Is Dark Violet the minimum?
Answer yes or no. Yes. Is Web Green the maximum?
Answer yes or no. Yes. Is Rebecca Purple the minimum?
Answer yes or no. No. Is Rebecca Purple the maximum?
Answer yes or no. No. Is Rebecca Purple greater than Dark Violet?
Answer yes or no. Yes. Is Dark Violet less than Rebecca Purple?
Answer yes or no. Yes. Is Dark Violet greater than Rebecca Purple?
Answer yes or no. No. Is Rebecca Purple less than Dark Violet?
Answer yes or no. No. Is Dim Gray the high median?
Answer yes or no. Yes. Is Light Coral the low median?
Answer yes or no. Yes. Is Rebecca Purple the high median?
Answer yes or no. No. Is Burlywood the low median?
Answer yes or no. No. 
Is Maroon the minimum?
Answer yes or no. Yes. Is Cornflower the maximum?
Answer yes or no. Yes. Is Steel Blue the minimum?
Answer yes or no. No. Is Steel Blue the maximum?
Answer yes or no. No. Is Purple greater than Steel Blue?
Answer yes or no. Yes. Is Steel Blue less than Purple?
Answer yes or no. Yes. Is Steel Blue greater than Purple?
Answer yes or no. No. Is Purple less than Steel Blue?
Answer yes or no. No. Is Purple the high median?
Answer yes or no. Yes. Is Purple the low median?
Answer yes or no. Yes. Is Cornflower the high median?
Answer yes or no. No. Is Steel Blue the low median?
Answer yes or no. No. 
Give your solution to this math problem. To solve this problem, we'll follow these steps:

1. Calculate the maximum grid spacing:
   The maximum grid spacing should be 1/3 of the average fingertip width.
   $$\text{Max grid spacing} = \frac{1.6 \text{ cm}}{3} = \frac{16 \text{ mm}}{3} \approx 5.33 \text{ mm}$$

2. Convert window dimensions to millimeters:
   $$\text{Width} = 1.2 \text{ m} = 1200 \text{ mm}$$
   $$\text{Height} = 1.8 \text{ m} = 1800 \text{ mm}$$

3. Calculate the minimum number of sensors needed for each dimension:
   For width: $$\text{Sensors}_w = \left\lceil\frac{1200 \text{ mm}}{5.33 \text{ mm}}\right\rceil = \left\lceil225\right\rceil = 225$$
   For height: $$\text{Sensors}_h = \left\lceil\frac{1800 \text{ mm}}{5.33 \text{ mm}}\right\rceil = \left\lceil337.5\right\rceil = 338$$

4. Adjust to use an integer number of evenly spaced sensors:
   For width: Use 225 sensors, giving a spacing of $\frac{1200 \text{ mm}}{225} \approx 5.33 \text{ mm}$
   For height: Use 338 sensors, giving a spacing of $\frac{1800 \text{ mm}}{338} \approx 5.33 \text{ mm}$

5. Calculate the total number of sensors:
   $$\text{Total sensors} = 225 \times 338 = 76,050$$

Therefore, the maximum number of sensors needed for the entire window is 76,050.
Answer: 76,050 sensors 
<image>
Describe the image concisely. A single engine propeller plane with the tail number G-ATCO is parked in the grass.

::::::

▶ _Work instruction_: Starting at the first line of the material above, reproduce each line exactly up to and including the line with "Answer yes or no. Yes. Is Steel Blue the".

▶ _Result for this exercise_:
Is Dark Violet the minimum?
Answer yes or no. Yes. Is Web Green the maximum?
Answer yes or no. Yes. Is Rebecca Purple the minimum?
Answer yes or no. No. Is Rebecca Purple the maximum?
Answer yes or no. No. Is Rebecca Purple greater than Dark Violet?
Answer yes or no. Yes. Is Dark Violet less than Rebecca Purple?
Answer yes or no. Yes. Is Dark Violet greater than Rebecca Purple?
Answer yes or no. No. Is Rebecca Purple less than Dark Violet?
Answer yes or no. No. Is Dim Gray the high median?
Answer yes or no. Yes. Is Light Coral the low median?
Answer yes or no. Yes. Is Rebecca Purple the high median?
Answer yes or no. No. Is Burlywood the low median?
Answer yes or no. No. 
Is Maroon the minimum?
Answer yes or no. Yes. Is Cornflower the maximum?
Answer yes or no. Yes. Is Steel Blue the minimum?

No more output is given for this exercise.